Monitoring minuscule mechanical signals, both in magnitude and direction, is imperative in many application scenarios, e.g., structural health monitoring and robotic sensing systems. However, the piezoelectric sensor struggles to satisfy the requirements for directional recognition due to the limited piezoelectric coefficient matrix, and achieving sensitivity for detecting micrometer-scale deformations is also challenging. Herein, we develop a vector sensor composed of lead zirconate titanate-electronic grade glass fiber composite filaments with oriented arrangement, capable of detecting minute anisotropic deformations. The as-prepared vector sensor can identify the deformation directions even when subjected to an unprecedented nominal strain of 0.06%, thereby enabling its utility in accurately discerning the 5 μm-height wrinkles in thin films and in monitoring human pulse waves. The ultra-high sensitivity is attributed to the formation of porous ferroelectret and the efficient load transfer efficiency of continuous lead zirconate titanate phase. Additionally, when integrated with machine learning techniques, the sensor’s capability to recognize multi-signals enables it to differentiate between 10 types of fine textures with 100% accuracy. The structural design in piezoelectric devices enables a more comprehensive perception of mechanical stimuli, offering a novel perspective for enhancing recognition accuracy.

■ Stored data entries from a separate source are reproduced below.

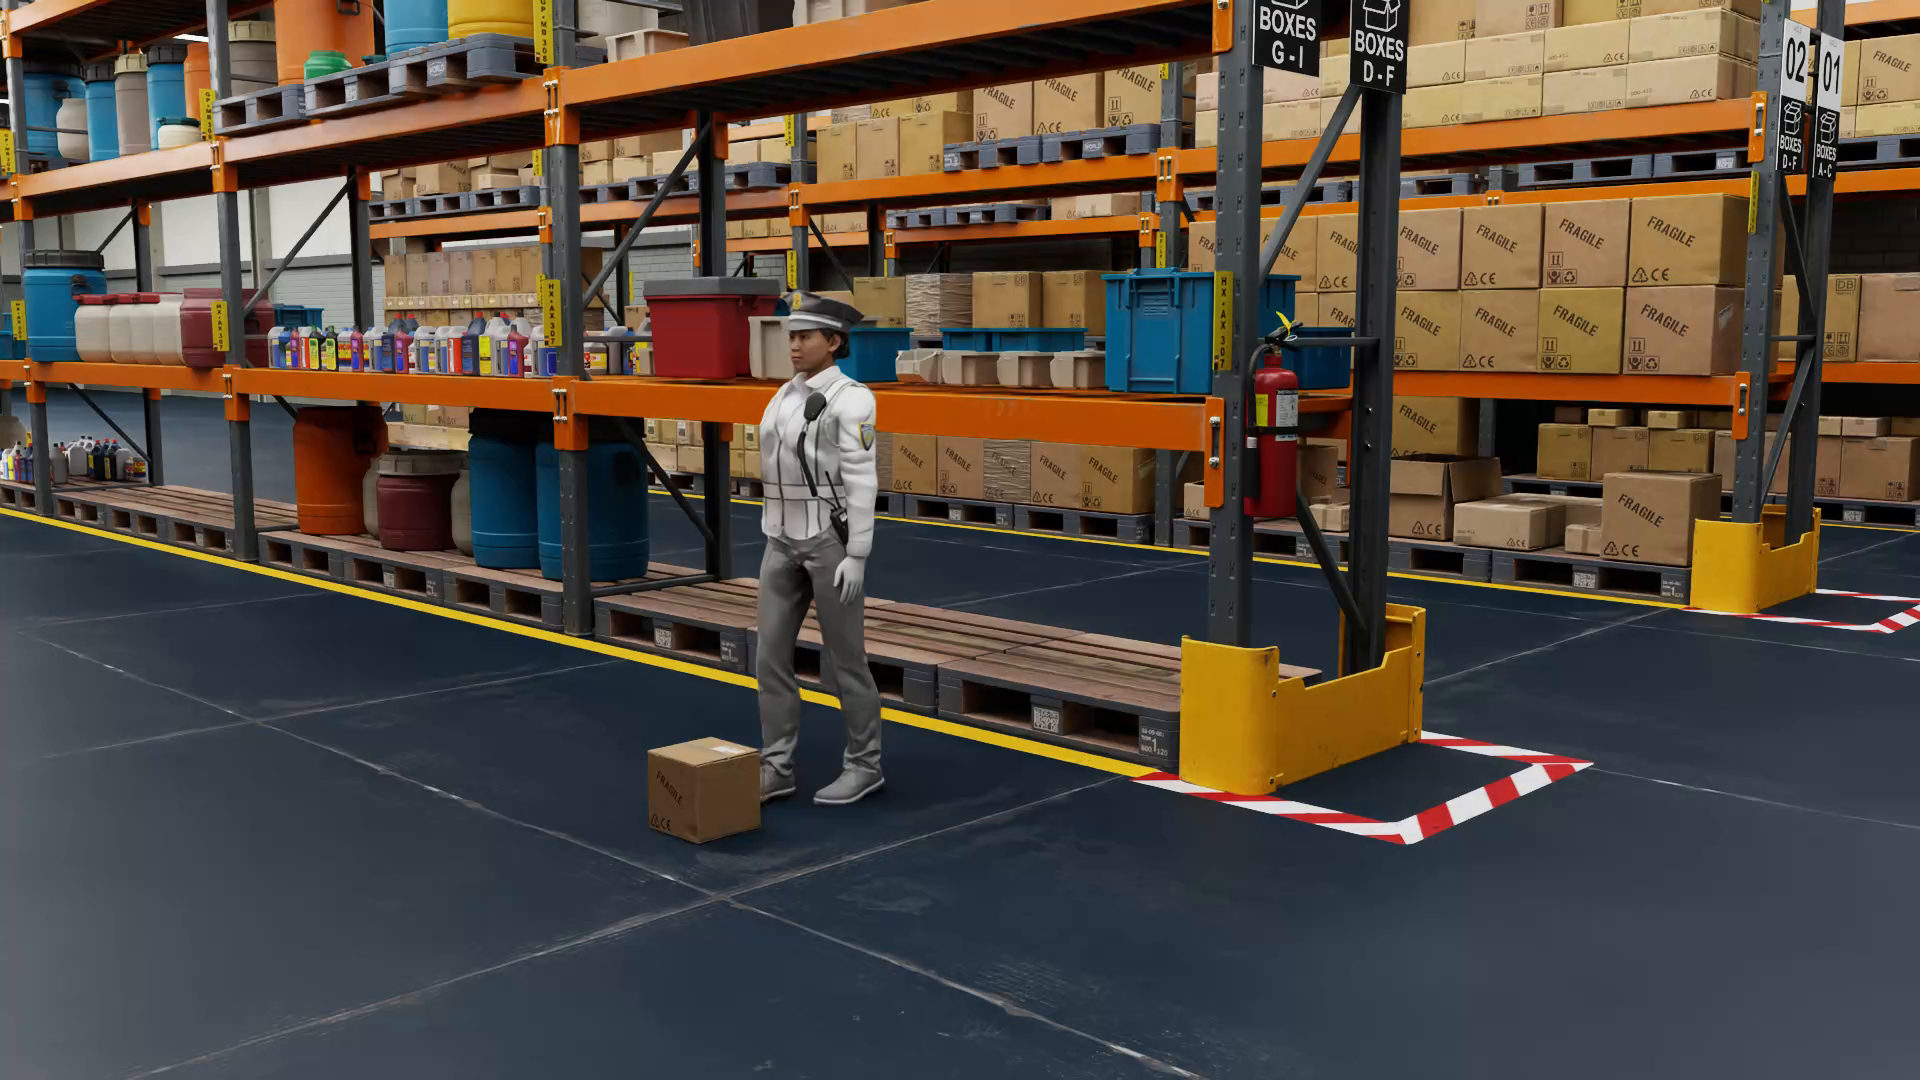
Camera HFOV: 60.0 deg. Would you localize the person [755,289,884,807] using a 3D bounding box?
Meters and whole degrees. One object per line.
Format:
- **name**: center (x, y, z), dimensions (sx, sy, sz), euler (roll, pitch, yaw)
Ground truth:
- **person**: center (-0.503, 0.035, 5.423), dimensions (0.479, 1.685, 0.519), euler (7, 10, 44)
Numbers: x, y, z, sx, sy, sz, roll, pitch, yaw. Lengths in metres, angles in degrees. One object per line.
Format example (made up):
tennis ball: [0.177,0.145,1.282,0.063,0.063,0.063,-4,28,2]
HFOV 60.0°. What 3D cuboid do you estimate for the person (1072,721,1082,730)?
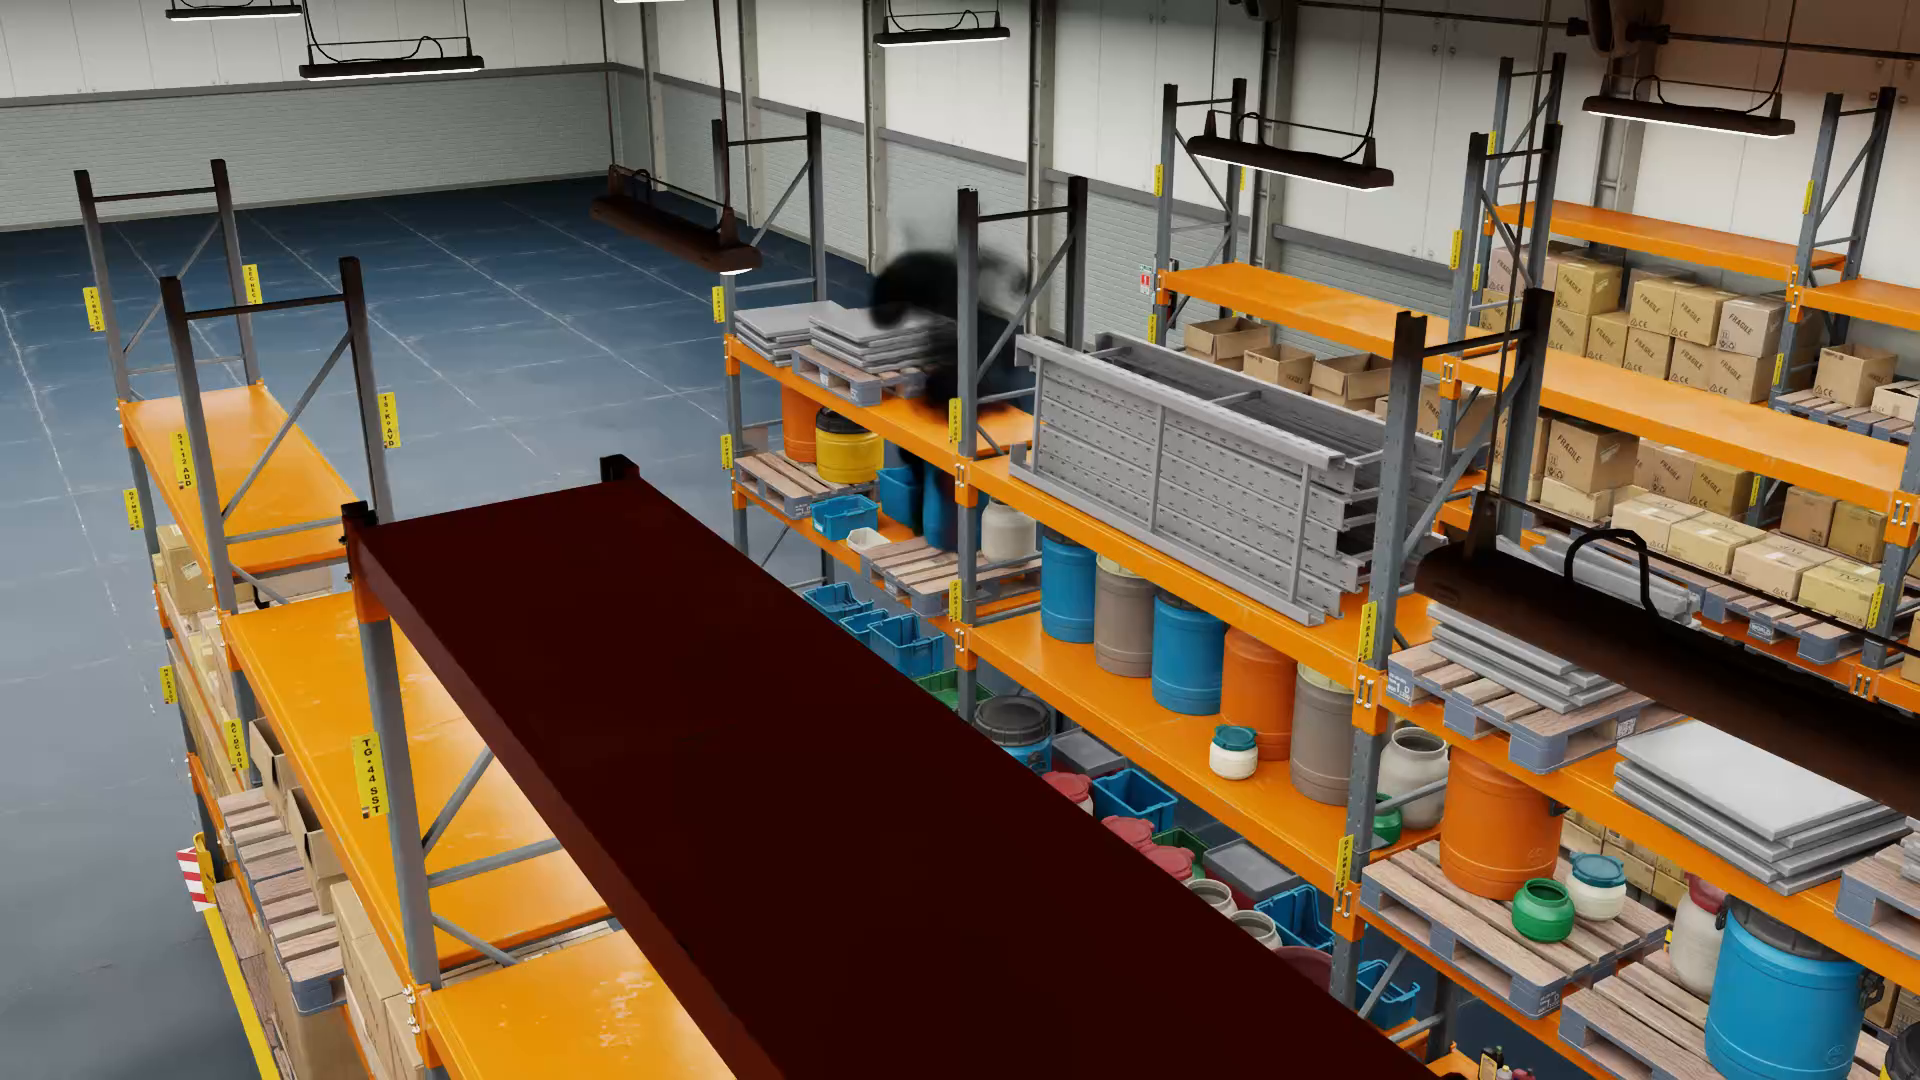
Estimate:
person: [1.089,1.286,14.973,0.694,1.797,0.899,-15,26,-32]

在许多应用场景中，监测微小的机械信号（包括幅度和方向）是必不可少的，例如结构健康监测和机器人传感系统。然而，由于压电系数矩阵有限，压电传感器难以满足方向识别的要求，并且实现检测微米级变形的灵敏度也具有挑战性。在此，我们开发了一种由锆钛酸铅-电子级玻璃纤维复合丝组成的矢量传感器，具有定向排列，能够检测微小的各向异性变形。即使受到前所未有的 0.06% 的标称应变，所制备的矢量传感器也可以识别变形方向，从而使其能够准确识别薄膜中 5 μm 高的皱纹和监测人体脉搏波。超高灵敏度归因于多孔铁驻极体的形成和连续锆钛酸铅相的高效负载传递效率。此外，当与机器学习技术集成时，传感器识别多信号的能力使其能够以 100% 的准确率区分 10 种类型的精细纹理。压电器件的结构设计能够更全面地感知机械刺激，为提高识别精度提供了新的视角。